LANGUAGE
CORNER
by
Evan Jenkins
"Near
Miss"
Amost a hit
Jim Benes of WBBM Newsradio 78, Chicago's all-news station,
emailed recently to report a running battle -- certain morning-drive
staff members vs. evening-drive, as it happened -- over the
phrase "near miss." The morning people, he said, thought the
term could be confusing: "After all, if you nearly miss something,
don't you hit it?" At first blush, "near miss" does seem to
be a contradiction in terms, even though it's deeply ingrained
in the language. But Merriam-Webster's Dictionary of English
Usage (1994), tracing the phrase to World War II, notes
its ubiquity and concludes that "despite its apparent lack
of logic, it is not an error." Fowler's Modern English
Usage defines a near miss simply as "a miss that was nearly
a hit." (That's from the 1968 edition; the 1996 Fowler's
omits the phrase, which suggests that it's no longer deemed
worthy of discussion.) As an alternative, "near-collision"
is unambiguous and unchallengeable. But WBBM's evening-drive
cadre is also on target, as it were, with near miss.
None,
pl.; Hung/Hanged
From the Email Bag
A visitor to the site noted that the item "You've Got to Be
Carefully Taught" (below; CJR Sept./Oct. 1996) said
at one point, "It's a good bet none of us in journalism do,"
and asked, "Does not 'none' require 'does' "? More often than
not, it doesn't. The word literally means "no one" or "not
one," of course, and those are the ways to say it if we're
emphasizing the singular nature of something. Otherwise, most
modern authorities prefer to use "none" as a plural.
Another
e-mailer wondered about this passage from a magazine article:
"The majority of the people had not died from natural causes.
Most had been hung - the ropes were around their necks - hit
over the head or stabbed." As a past tense for the word meaning
to put to death by hanging, "hung" is accepted by some dictionaries
as one alternative. Most of those modern authorities, though,
still argue that pictures are hung and people are hanged.
Normalcy
A Time for Normalcy
For a little less than four score and seven years, professors
and editors have told writers to avoid the word "normalcy."

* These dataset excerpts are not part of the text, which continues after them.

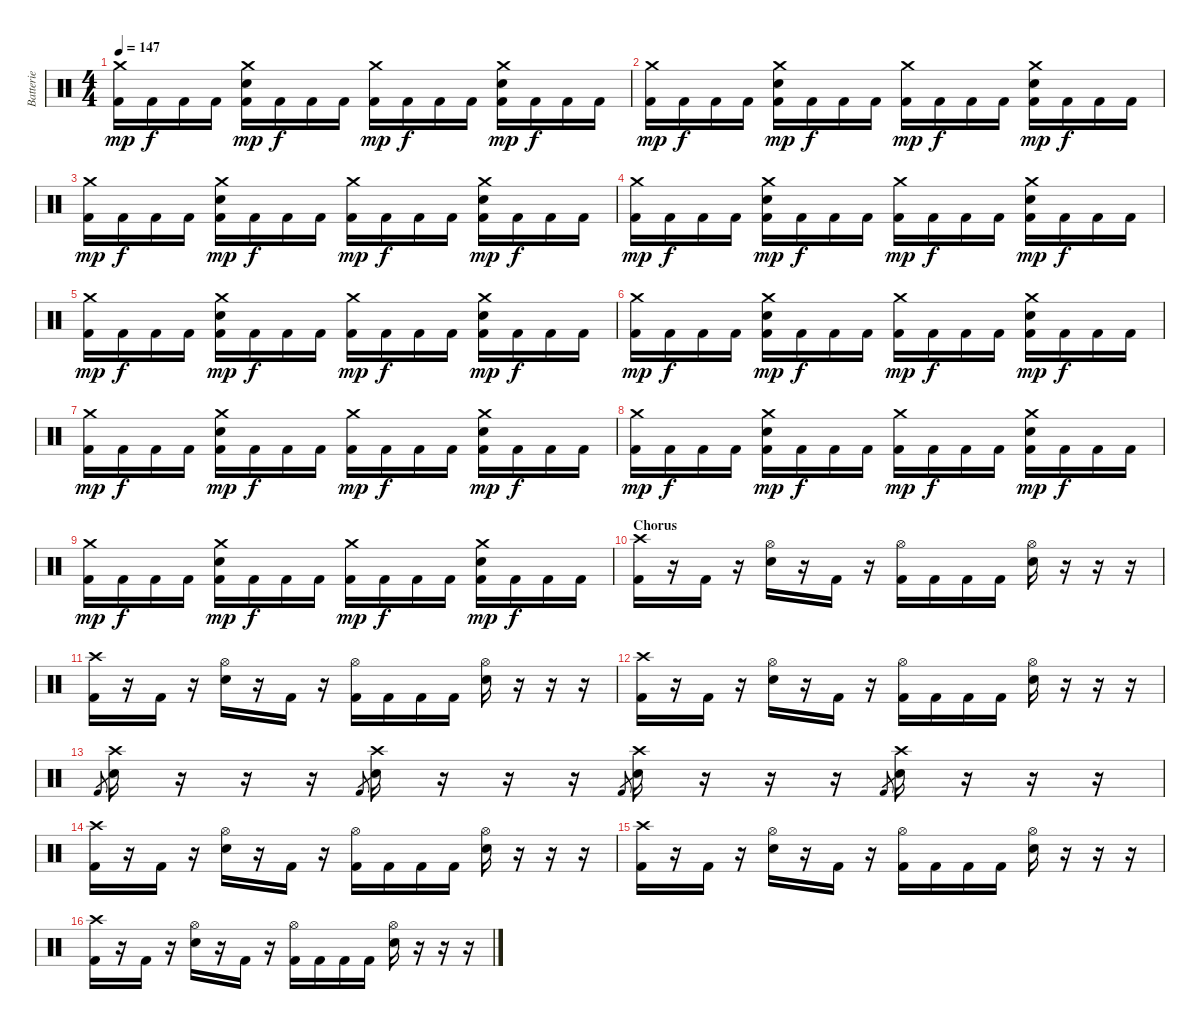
\track ("Batterie" "Batterie") {instrument percussion}
\staff {score}
\articulation defaults
\ts (4 4)
\tempo 147
\clef neutral
\ks c
("Crash medium (hit)" "Kick (hit) 2").16{dy mp} "Kick (hit) 2".16{dy f} "Kick (hit) 2".16 "Kick (hit) 2".16 ("Crash medium (hit)" "Kick (hit) 2" "Electric Snare (hit)").16{dy mp} "Kick (hit) 2".16{dy f} "Kick (hit) 2".16 "Kick (hit) 2".16 ("Crash medium (hit)" "Kick (hit) 2").16{dy mp} "Kick (hit) 2".16{dy f} "Kick (hit) 2".16 "Kick (hit) 2".16 ("Crash medium (hit)" "Kick (hit) 2" "Electric Snare (hit)").16{dy mp} "Kick (hit) 2".16{dy f} "Kick (hit) 2".16 "Kick (hit) 2".16 |
("Crash medium (hit)" "Kick (hit) 2").16{dy mp} "Kick (hit) 2".16{dy f} "Kick (hit) 2".16 "Kick (hit) 2".16 ("Crash medium (hit)" "Kick (hit) 2" "Electric Snare (hit)").16{dy mp} "Kick (hit) 2".16{dy f} "Kick (hit) 2".16 "Kick (hit) 2".16 ("Crash medium (hit)" "Kick (hit) 2").16{dy mp} "Kick (hit) 2".16{dy f} "Kick (hit) 2".16 "Kick (hit) 2".16 ("Crash medium (hit)" "Kick (hit) 2" "Electric Snare (hit)").16{dy mp} "Kick (hit) 2".16{dy f} "Kick (hit) 2".16 "Kick (hit) 2".16 |
("Crash medium (hit)" "Kick (hit) 2").16{dy mp} "Kick (hit) 2".16{dy f} "Kick (hit) 2".16 "Kick (hit) 2".16 ("Crash medium (hit)" "Kick (hit) 2" "Electric Snare (hit)").16{dy mp} "Kick (hit) 2".16{dy f} "Kick (hit) 2".16 "Kick (hit) 2".16 ("Crash medium (hit)" "Kick (hit) 2").16{dy mp} "Kick (hit) 2".16{dy f} "Kick (hit) 2".16 "Kick (hit) 2".16 ("Crash medium (hit)" "Kick (hit) 2" "Electric Snare (hit)").16{dy mp} "Kick (hit) 2".16{dy f} "Kick (hit) 2".16 "Kick (hit) 2".16 |
("Crash medium (hit)" "Kick (hit) 2").16{dy mp} "Kick (hit) 2".16{dy f} "Kick (hit) 2".16 "Kick (hit) 2".16 ("Crash medium (hit)" "Kick (hit) 2" "Electric Snare (hit)").16{dy mp} "Kick (hit) 2".16{dy f} "Kick (hit) 2".16 "Kick (hit) 2".16 ("Crash medium (hit)" "Kick (hit) 2").16{dy mp} "Kick (hit) 2".16{dy f} "Kick (hit) 2".16 "Kick (hit) 2".16 ("Crash medium (hit)" "Kick (hit) 2" "Electric Snare (hit)").16{dy mp} "Kick (hit) 2".16{dy f} "Kick (hit) 2".16 "Kick (hit) 2".16 |
("Crash medium (hit)" "Kick (hit) 2").16{dy mp} "Kick (hit) 2".16{dy f} "Kick (hit) 2".16 "Kick (hit) 2".16 ("Crash medium (hit)" "Kick (hit) 2" "Electric Snare (hit)").16{dy mp} "Kick (hit) 2".16{dy f} "Kick (hit) 2".16 "Kick (hit) 2".16 ("Crash medium (hit)" "Kick (hit) 2").16{dy mp} "Kick (hit) 2".16{dy f} "Kick (hit) 2".16 "Kick (hit) 2".16 ("Crash medium (hit)" "Kick (hit) 2" "Electric Snare (hit)").16{dy mp} "Kick (hit) 2".16{dy f} "Kick (hit) 2".16 "Kick (hit) 2".16 |
("Crash medium (hit)" "Kick (hit) 2").16{dy mp} "Kick (hit) 2".16{dy f} "Kick (hit) 2".16 "Kick (hit) 2".16 ("Crash medium (hit)" "Kick (hit) 2" "Electric Snare (hit)").16{dy mp} "Kick (hit) 2".16{dy f} "Kick (hit) 2".16 "Kick (hit) 2".16 ("Crash medium (hit)" "Kick (hit) 2").16{dy mp} "Kick (hit) 2".16{dy f} "Kick (hit) 2".16 "Kick (hit) 2".16 ("Crash medium (hit)" "Kick (hit) 2" "Electric Snare (hit)").16{dy mp} "Kick (hit) 2".16{dy f} "Kick (hit) 2".16 "Kick (hit) 2".16 |
("Crash medium (hit)" "Kick (hit) 2").16{dy mp} "Kick (hit) 2".16{dy f} "Kick (hit) 2".16 "Kick (hit) 2".16 ("Crash medium (hit)" "Kick (hit) 2" "Electric Snare (hit)").16{dy mp} "Kick (hit) 2".16{dy f} "Kick (hit) 2".16 "Kick (hit) 2".16 ("Crash medium (hit)" "Kick (hit) 2").16{dy mp} "Kick (hit) 2".16{dy f} "Kick (hit) 2".16 "Kick (hit) 2".16 ("Crash medium (hit)" "Kick (hit) 2" "Electric Snare (hit)").16{dy mp} "Kick (hit) 2".16{dy f} "Kick (hit) 2".16 "Kick (hit) 2".16 |
("Crash medium (hit)" "Kick (hit) 2").16{dy mp} "Kick (hit) 2".16{dy f} "Kick (hit) 2".16 "Kick (hit) 2".16 ("Crash medium (hit)" "Kick (hit) 2" "Electric Snare (hit)").16{dy mp} "Kick (hit) 2".16{dy f} "Kick (hit) 2".16 "Kick (hit) 2".16 ("Crash medium (hit)" "Kick (hit) 2").16{dy mp} "Kick (hit) 2".16{dy f} "Kick (hit) 2".16 "Kick (hit) 2".16 ("Crash medium (hit)" "Kick (hit) 2" "Electric Snare (hit)").16{dy mp} "Kick (hit) 2".16{dy f} "Kick (hit) 2".16 "Kick (hit) 2".16 |
("Crash medium (hit)" "Kick (hit) 2").16{dy mp} "Kick (hit) 2".16{dy f} "Kick (hit) 2".16 "Kick (hit) 2".16 ("Crash medium (hit)" "Kick (hit) 2" "Electric Snare (hit)").16{dy mp} "Kick (hit) 2".16{dy f} "Kick (hit) 2".16 "Kick (hit) 2".16 ("Crash medium (hit)" "Kick (hit) 2").16{dy mp} "Kick (hit) 2".16{dy f} "Kick (hit) 2".16 "Kick (hit) 2".16 ("Crash medium (hit)" "Kick (hit) 2" "Electric Snare (hit)").16{dy mp} "Kick (hit) 2".16{dy f} "Kick (hit) 2".16 "Kick (hit) 2".16 |
\section ("" "Chorus")
("Crash high (hit)" "Kick (hit) 2").16 r.16 "Kick (hit) 2".16 r.16 ("Hi-Hat (open)" "Electric Snare (hit)").16 r.16 "Kick (hit) 2".16 r.16 ("Hi-Hat (open)" "Kick (hit) 2").16 "Kick (hit) 2".16 "Kick (hit) 2".16 "Kick (hit) 2".16 ("Hi-Hat (open)" "Electric Snare (hit)").16 r.16 r.16 r.16 |
("Crash high (hit)" "Kick (hit) 2").16 r.16 "Kick (hit) 2".16 r.16 ("Hi-Hat (open)" "Electric Snare (hit)").16 r.16 "Kick (hit) 2".16 r.16 ("Hi-Hat (open)" "Kick (hit) 2").16 "Kick (hit) 2".16 "Kick (hit) 2".16 "Kick (hit) 2".16 ("Hi-Hat (open)" "Electric Snare (hit)").16 r.16 r.16 r.16 |
("Crash high (hit)" "Kick (hit) 2").16 r.16 "Kick (hit) 2".16 r.16 ("Hi-Hat (open)" "Electric Snare (hit)").16 r.16 "Kick (hit) 2".16 r.16 ("Hi-Hat (open)" "Kick (hit) 2").16 "Kick (hit) 2".16 "Kick (hit) 2".16 "Kick (hit) 2".16 ("Hi-Hat (open)" "Electric Snare (hit)").16 r.16 r.16 r.16 |
"Kick (hit) 2".8{gr} ("Crash high (hit)" "Electric Snare (hit)").16 r.16 r.16 r.16 "Kick (hit) 2".8{gr} ("Crash high (hit)" "Electric Snare (hit)").16 r.16 r.16 r.16 "Kick (hit) 2".8{gr} ("Crash high (hit)" "Electric Snare (hit)").16 r.16 r.16 r.16 "Kick (hit) 2".8{gr} ("Crash high (hit)" "Electric Snare (hit)").16 r.16 r.16 r.16 |
("Crash high (hit)" "Kick (hit) 2").16 r.16 "Kick (hit) 2".16 r.16 ("Hi-Hat (open)" "Electric Snare (hit)").16 r.16 "Kick (hit) 2".16 r.16 ("Hi-Hat (open)" "Kick (hit) 2").16 "Kick (hit) 2".16 "Kick (hit) 2".16 "Kick (hit) 2".16 ("Hi-Hat (open)" "Electric Snare (hit)").16 r.16 r.16 r.16 |
("Crash high (hit)" "Kick (hit) 2").16 r.16 "Kick (hit) 2".16 r.16 ("Hi-Hat (open)" "Electric Snare (hit)").16 r.16 "Kick (hit) 2".16 r.16 ("Hi-Hat (open)" "Kick (hit) 2").16 "Kick (hit) 2".16 "Kick (hit) 2".16 "Kick (hit) 2".16 ("Hi-Hat (open)" "Electric Snare (hit)").16 r.16 r.16 r.16 |
("Crash high (hit)" "Kick (hit) 2").16 r.16 "Kick (hit) 2".16 r.16 ("Hi-Hat (open)" "Electric Snare (hit)").16 r.16 "Kick (hit) 2".16 r.16 ("Hi-Hat (open)" "Kick (hit) 2").16 "Kick (hit) 2".16 "Kick (hit) 2".16 "Kick (hit) 2".16 ("Hi-Hat (open)" "Electric Snare (hit)").16 r.16 r.16 r.16

Coined by Warren G. Harding, they said, and what did he
know? Only "normality" would do. But though the
great statesmans prescription in his 1920 presidential
campaign "not nostrums, but normalcy"
both popularized the word and drew derision from pedants,
it had been around long before he used it. Over the years
since, says Merriam-Websters Dictionary of English Usage,
"normalcy" has become "recognized as standard
by all major dictionaries," and "there is no need
to avoid its use."
Its use has hardly been avoided since September 11, 2001;
it has pretty much swamped "normality" to express
the condition Americans long for and whose loss they grieve.
And somehow, despite long indocrination, "normalcy"
these days sounds perfectly (yes) normal.
Notoriety
Noting With Disapproval
If "notorious," which has nothing negative in its roots, nonetheless
has come to mean "infamous," what is "notoriety"? One dictionary's
definition -- "the quality of being notorious" -- seems unassailable.
So when the writer said it was "not in Thomas's personality
to court notoriety," the passage was open to misunderstanding.
(Other things made it clear that the writer was paying a compliment.)
As a synonym for simple fame, "notoriety" has gained ground.
But it's still better used to mean a bad reputation -- ill
fame. Less room for misunderstanding.